- Born: 1961 (age 64–65) Santiago, Chile
- Education: Pontifical Catholic University of Chile
- Occupation: Architect
- Notable work: Pereira Palace refurbishment

= Cecilia Puga =

Chilean architect (born 1961)

Cecilia Puga (born 1961) is a Chilean architect, educator and the director of the Chilean Museum of Pre-Columbian Art.

She is recognized by certain circles as a noteworthy architectural designer of the latest generations in Chile. Puga has won the international architecture competition for projects such as the recovery of Pereira Palace, the new Library of the Faculty of Architecture, Design and Urban Studies of the Pontificia Universidad Católica de Chile and the City Hall of Vitacura, Chile.

==Career==

Puga studied architecture at the Pontifical Catholic University of Chile and the Università della Sapienza. Prior to establishing her own firm in 1995, she worked as editor of Revista CA, the official magazine of the College of Architects of Chile.
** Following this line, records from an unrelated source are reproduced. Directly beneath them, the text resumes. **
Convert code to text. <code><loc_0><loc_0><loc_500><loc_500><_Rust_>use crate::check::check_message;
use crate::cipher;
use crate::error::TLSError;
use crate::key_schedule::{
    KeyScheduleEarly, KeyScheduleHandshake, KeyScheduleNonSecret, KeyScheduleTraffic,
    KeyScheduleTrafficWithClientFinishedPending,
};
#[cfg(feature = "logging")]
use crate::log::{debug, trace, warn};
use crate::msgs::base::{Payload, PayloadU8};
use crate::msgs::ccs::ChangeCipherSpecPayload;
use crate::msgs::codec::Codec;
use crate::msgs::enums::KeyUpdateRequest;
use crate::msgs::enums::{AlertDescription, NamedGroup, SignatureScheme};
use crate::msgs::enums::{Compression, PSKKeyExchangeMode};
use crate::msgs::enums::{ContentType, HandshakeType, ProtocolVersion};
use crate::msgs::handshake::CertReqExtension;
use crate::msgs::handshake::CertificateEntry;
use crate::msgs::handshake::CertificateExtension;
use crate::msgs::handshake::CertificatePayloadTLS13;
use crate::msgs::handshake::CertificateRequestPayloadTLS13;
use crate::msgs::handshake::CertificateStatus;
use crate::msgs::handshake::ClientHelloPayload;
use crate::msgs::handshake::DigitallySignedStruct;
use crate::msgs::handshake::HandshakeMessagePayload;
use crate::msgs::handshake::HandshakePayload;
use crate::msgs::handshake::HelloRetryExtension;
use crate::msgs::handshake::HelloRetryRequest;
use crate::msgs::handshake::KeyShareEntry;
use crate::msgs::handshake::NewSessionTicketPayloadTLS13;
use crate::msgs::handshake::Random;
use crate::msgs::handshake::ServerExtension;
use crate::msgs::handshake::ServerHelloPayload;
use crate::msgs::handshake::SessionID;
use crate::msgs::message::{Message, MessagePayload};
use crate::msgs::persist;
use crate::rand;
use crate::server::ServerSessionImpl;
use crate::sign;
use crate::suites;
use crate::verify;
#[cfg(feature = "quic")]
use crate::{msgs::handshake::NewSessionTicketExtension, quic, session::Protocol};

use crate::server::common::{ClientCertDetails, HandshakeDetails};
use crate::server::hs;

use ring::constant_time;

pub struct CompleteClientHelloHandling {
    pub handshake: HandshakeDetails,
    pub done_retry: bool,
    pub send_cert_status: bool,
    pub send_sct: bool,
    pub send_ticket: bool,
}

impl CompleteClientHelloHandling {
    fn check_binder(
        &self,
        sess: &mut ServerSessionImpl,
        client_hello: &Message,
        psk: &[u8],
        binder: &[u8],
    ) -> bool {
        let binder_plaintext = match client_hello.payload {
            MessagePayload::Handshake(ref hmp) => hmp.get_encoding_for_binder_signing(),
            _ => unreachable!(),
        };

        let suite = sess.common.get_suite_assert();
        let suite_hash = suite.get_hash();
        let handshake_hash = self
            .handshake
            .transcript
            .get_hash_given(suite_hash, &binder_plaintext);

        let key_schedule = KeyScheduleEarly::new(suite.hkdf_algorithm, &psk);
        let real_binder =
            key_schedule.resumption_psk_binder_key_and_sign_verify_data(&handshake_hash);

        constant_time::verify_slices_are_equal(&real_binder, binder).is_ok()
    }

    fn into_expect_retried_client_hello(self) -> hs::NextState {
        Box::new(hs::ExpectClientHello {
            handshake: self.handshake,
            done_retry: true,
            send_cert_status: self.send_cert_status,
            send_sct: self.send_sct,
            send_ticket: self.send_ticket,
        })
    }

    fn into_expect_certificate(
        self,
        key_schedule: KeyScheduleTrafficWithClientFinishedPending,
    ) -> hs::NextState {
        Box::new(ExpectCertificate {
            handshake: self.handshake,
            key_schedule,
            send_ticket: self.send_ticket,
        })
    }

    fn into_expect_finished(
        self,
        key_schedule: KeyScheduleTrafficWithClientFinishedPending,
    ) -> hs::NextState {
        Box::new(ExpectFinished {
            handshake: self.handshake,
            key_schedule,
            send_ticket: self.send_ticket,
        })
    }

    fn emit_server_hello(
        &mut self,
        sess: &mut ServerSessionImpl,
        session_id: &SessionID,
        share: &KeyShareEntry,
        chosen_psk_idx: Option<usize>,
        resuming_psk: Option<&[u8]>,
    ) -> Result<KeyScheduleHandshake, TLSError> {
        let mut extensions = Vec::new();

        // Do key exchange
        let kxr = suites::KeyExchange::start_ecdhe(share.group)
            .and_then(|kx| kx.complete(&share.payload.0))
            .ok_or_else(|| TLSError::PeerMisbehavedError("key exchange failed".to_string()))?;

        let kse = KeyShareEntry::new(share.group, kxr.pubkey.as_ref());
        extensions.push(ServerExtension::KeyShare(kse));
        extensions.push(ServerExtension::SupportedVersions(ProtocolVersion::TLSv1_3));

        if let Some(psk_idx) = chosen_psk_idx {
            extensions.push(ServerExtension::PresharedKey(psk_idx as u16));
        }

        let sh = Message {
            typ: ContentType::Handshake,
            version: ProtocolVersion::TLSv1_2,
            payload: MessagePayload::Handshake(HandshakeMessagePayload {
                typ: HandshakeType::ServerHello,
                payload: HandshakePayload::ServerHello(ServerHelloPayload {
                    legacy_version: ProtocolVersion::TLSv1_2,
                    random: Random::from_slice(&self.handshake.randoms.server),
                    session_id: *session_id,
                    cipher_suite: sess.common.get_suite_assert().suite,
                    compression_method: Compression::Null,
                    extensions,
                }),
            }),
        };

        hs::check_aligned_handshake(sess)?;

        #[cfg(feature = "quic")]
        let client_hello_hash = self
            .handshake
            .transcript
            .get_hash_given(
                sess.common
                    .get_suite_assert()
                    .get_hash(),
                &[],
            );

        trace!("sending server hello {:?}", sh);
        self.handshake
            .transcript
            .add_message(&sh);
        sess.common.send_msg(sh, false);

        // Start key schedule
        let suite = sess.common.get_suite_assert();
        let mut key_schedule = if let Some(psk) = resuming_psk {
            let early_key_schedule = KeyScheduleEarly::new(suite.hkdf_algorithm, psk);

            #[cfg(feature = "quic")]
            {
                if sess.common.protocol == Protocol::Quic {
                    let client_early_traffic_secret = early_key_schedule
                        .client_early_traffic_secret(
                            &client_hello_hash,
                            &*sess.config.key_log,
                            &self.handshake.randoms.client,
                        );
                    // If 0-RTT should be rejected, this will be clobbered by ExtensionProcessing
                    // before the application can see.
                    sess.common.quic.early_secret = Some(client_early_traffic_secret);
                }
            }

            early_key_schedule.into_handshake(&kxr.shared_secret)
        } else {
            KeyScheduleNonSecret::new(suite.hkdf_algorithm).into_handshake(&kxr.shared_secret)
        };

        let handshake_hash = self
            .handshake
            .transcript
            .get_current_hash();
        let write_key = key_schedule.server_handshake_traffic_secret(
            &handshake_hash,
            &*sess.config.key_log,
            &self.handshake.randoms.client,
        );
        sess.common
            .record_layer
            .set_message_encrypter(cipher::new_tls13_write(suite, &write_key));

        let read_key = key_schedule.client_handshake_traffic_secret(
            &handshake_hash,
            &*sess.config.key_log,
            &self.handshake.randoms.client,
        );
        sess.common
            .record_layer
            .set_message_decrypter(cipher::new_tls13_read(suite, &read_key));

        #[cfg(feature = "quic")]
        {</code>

As founder of Cecilia Puga Arquitectos, her professional work has been exhibited in Chile and the United States and includes single-family houses, an apartment building, interiors of shops and offices, a chapel, and the master plan for the recovery of old buildings of the Southern Cone Vineyard in Chimbarongo.

In 2009, her studio was one of the 100 offices worldwide selected by Herzog & de Meuron to design a villa in Inner Mongolia in the context of the Ordos 100 project. One year later, the 2G: International Architecture Review series dedicated the monograph number 53 to her work.

For the 2012 Venice Biennale, she was invited to be part of Valerio Olgiati’s installation named Pictographs - Statements of contemporary architects. Four years later, Puga was part of the International Architecture Exhibition for the 2016 Venice Biennale of Architecture, invited by Director Alejandro Aravena.

In 2014, Puga, alongside Chilean architects Paula Velasco and Alberto Moletto, won the international architecture competition for the recovery of Pereira Palace, an abandoned 19th-century neoclassical mansion turned into Ministry of Cultures in Chile.

Since 2020, Puga is the director of the Chilean Museum of Pre-Columbian Art.